Expedia Group vs. Trip.com: Which Travel Stock is a Better Buy?

Expedia Group, Inc. (EXPE) and Tripadvisor, Inc. (TRIP) are two prominent players in the travel services industry. EXPE is an international online travel company that operates through Retail; B2B; and trivago segments. It offers travel shopping and reservation services, advertising, and media services and provides real-time access to schedule, pricing, and availability information for airlines, hotels, and car rental companies. In comparison, TRIP is an online travel company that operates through Hotels, Media & Platform; and Experiences & Dining segments. It provides information and services for consumers to research and book restaurant reservations in travel destinations and vacation and short-term rental properties.

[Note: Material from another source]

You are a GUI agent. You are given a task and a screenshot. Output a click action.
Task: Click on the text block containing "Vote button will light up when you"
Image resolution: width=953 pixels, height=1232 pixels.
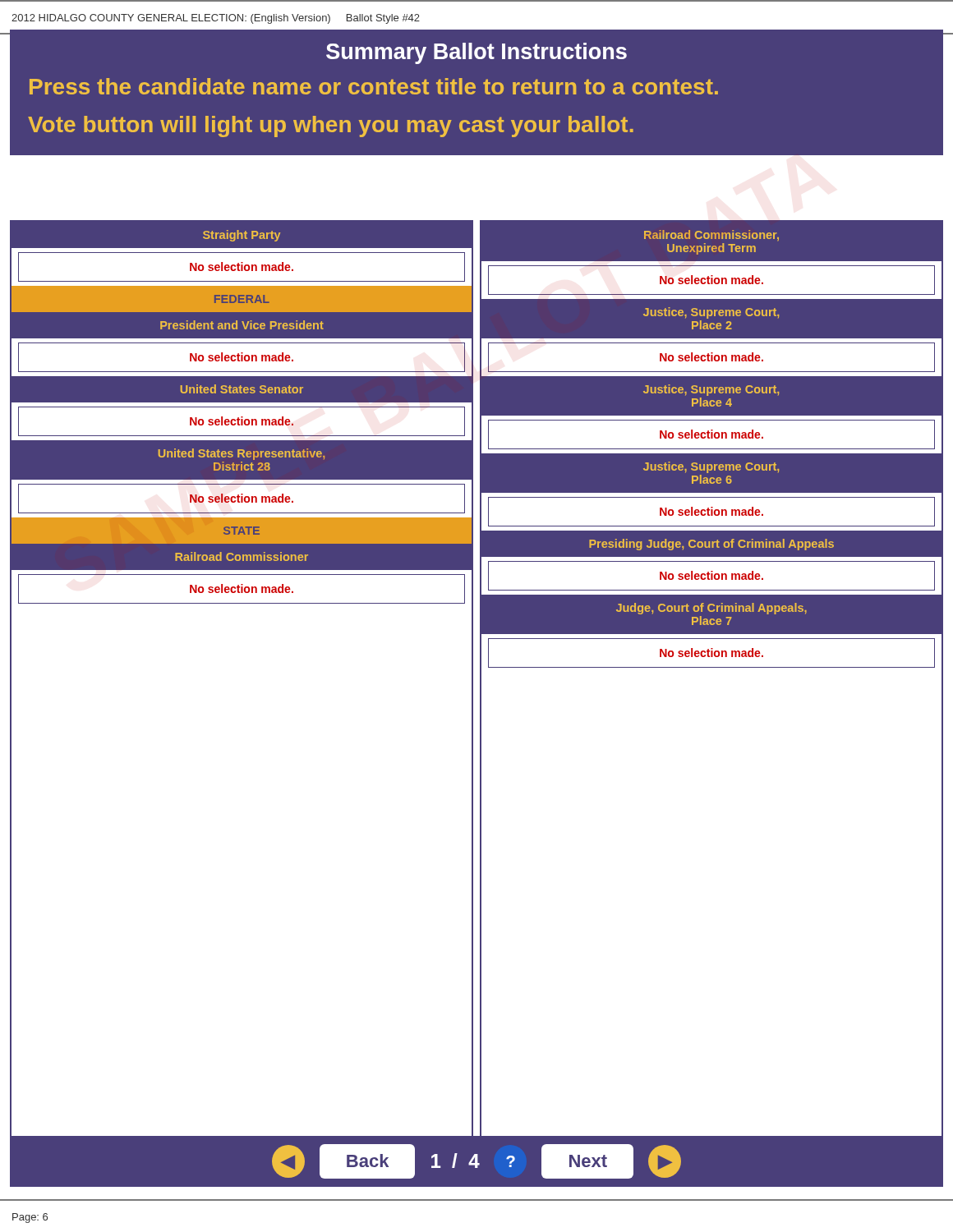tap(331, 125)

The travel and tourism industry has witnessed ups and downs since the onset of the pandemic. However, with the lessening concerns over the COVID-19 variants, the growing demand for travel bookings, travel metasearch engines, reviews, and fare comparisons should allow online travel service providers to witness rising demand.

Investors’ interest in this space is evident from the ALPS Global Travel Beneficiaries ETF’s (JRNY) 1.2% gains versus the SPDR S&P 500 Trust ETF’s (SPY) negative returns over the past three months. The global online travel market is expected to grow at a 10.6% CAGR to reach $1.46 trillion by 2027. Therefore, both EXPE and TRIP should benefit.

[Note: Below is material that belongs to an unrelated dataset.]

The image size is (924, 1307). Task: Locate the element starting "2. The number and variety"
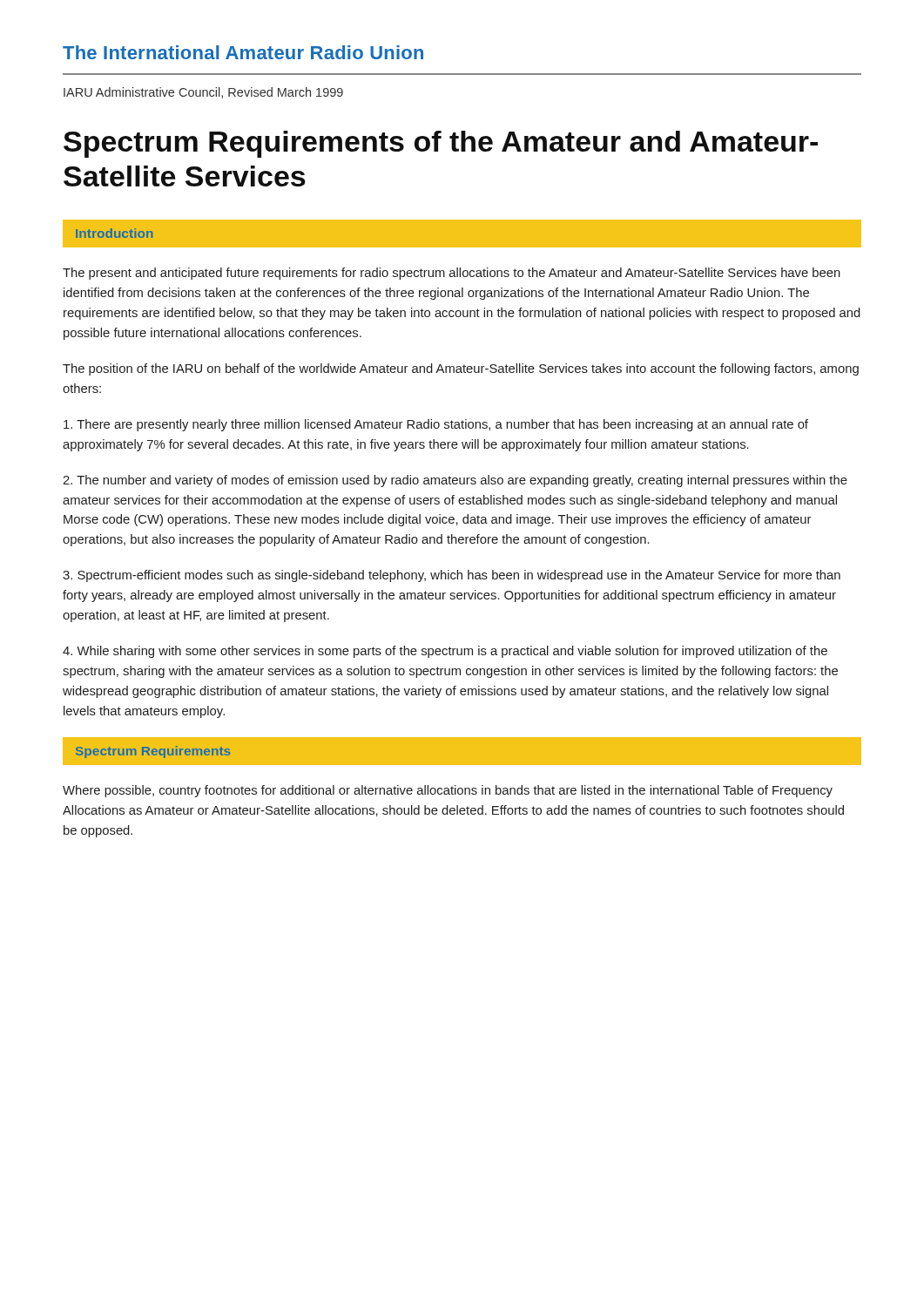point(462,510)

While TRIP has lost 5.5% over the past three months, EXPE has surged 20.7%. EXPE is a clear winner with 28.5% gains versus TRIP’s 31.5% returns over the past six months. But which of these stocks is a better pick now? Let’s find out.

Latest Developments

On February 28, 2022, British multinational hospitality company InterContinental Hotels Group plc’s (IHG) IHG Hotels & Resorts have selected EXPE as the preferred redistributor of their properties’ wholesale rates through EXPE’s Optimized Distribution Preferred program. EXPE’s program resolves these expensive wholesale distribution challenges and maintains disparate channels by creating a primary gateway solution for the hotelier and its B2B demand partners. This ultimately reduces costs, generates incremental revenue for hotels, and provides accurate content and better rates to tour operators and travelers.

On February 3, 2022, TRIP’s Cruise Critic subsidiary, the world's leading cruise reviews site, announced a partnership with Kayak, an online travel agency and metasearch engine, to jumpstart TRIP’s return to offering cruises in its search results. This will allow Kayak users to access Cruise Critic's vast network of cruise itineraries and reviews. TRIP should witness high demand in the coming months.

Recent Financial Results

EXPE’s revenue for its fiscal 2021 fourth quarter ended December 31, 2021, increased 147.7% year-over-year to $2.28 billion. The company’s operating income came in at $163 million for the quarter, compared to a $463 million loss in the prior-year period. EXPE’s adjusted net income came in at $167 million, compared to a net loss of $376 million in the year-ago period. Its adjusted EPS came in at $1.06, versus a $2.64 loss per share in the prior-year period. As of December 31, 2021, the company had $4.11 billion in cash and cash equivalents.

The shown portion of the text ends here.